We have got an “Emergency Action Plan”. Once a quarter, we conduct exercises - we play out an emergency situation that a group of administrators (all in turn) must eliminate using the "Emergency Action Plan". Leading system administrators take turns working out the role of coordinator.
Quarterly in test mode, isolate data centers (all in turn) over the LAN and WAN, which allows you to identify bottlenecks in a timely manner.
Fewer bad drives, because we have tightened standards: less running hours, stricter thresholds for SMART,
Completely abandoned BerkeleyDB - an old and unstable database that required a lot of time to recover from server restart.
Reduce the number of servers with MS SQL and reduce the dependence on the remaining.
We have got our own cloud - one-cloud , where we have been actively migrating all services for two years now. The cloud greatly simplifies the entire cycle of work with the application, and in case of an accident gives such unique tools as:
- correct stop all applications in one click;
- simple application migration from failed servers;
- automatic ranking (in order of priority of services) launching a whole data center.

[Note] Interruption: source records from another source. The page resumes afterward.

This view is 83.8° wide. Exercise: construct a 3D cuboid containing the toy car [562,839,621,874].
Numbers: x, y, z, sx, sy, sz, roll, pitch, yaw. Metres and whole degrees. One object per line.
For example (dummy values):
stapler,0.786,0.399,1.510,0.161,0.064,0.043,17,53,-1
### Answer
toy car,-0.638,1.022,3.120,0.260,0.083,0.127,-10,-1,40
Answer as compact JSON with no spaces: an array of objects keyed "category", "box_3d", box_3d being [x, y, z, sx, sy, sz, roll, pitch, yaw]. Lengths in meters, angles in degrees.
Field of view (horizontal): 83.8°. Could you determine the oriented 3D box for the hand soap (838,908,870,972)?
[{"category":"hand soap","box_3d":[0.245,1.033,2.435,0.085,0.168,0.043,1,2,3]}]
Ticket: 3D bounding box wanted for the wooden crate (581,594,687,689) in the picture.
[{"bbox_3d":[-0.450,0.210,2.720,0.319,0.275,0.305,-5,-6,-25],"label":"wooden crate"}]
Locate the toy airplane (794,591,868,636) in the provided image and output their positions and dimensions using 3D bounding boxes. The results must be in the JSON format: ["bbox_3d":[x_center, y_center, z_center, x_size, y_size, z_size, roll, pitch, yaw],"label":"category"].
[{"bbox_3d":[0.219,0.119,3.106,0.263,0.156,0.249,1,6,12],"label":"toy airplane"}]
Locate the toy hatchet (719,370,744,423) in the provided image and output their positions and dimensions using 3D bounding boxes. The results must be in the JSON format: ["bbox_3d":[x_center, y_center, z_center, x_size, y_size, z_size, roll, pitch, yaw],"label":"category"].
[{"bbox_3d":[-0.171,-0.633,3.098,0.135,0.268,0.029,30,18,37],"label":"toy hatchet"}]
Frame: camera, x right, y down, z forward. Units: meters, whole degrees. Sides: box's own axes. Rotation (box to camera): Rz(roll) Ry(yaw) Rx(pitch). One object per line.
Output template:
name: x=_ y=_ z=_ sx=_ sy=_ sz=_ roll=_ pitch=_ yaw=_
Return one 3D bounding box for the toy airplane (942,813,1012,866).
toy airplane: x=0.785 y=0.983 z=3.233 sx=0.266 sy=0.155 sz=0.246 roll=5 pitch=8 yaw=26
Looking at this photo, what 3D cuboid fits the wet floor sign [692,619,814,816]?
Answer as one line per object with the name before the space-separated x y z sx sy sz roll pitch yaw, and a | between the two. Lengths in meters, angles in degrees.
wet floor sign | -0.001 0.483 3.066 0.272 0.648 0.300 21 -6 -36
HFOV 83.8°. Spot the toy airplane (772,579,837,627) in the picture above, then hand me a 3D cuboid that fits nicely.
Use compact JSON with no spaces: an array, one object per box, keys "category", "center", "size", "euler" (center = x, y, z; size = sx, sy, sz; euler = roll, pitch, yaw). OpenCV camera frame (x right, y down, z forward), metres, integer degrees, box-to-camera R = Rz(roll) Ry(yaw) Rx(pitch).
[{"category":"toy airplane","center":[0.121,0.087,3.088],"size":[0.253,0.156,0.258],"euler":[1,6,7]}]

The accident described in this article became the largest since day 404. Of course, not everything went smoothly. For example, during the inaccessibility of the data center-burner in another data center, a disk crashed on one of the servers, that is, only one of the three replicas in the Cassandra cluster was available, due to which 4.2% of users of mobile applications could not log in . At the same time, already connected users continued to work. In total, more than 30 problems were identified according to the results of the accident - from banal bugs to deficiencies in the architecture of services.

But the main difference between the current accident and the 404th is that while we eliminated the consequences of the fire, users still corresponded and made video calls in Tamtam , played games, listened to music, gave gifts to each other, watched videos, TV shows and TV channels in OK , and also streamed to OK Live .

How are your accidents going?

Should I “extinguish” the server if the smoke test of the data center “caught fire”?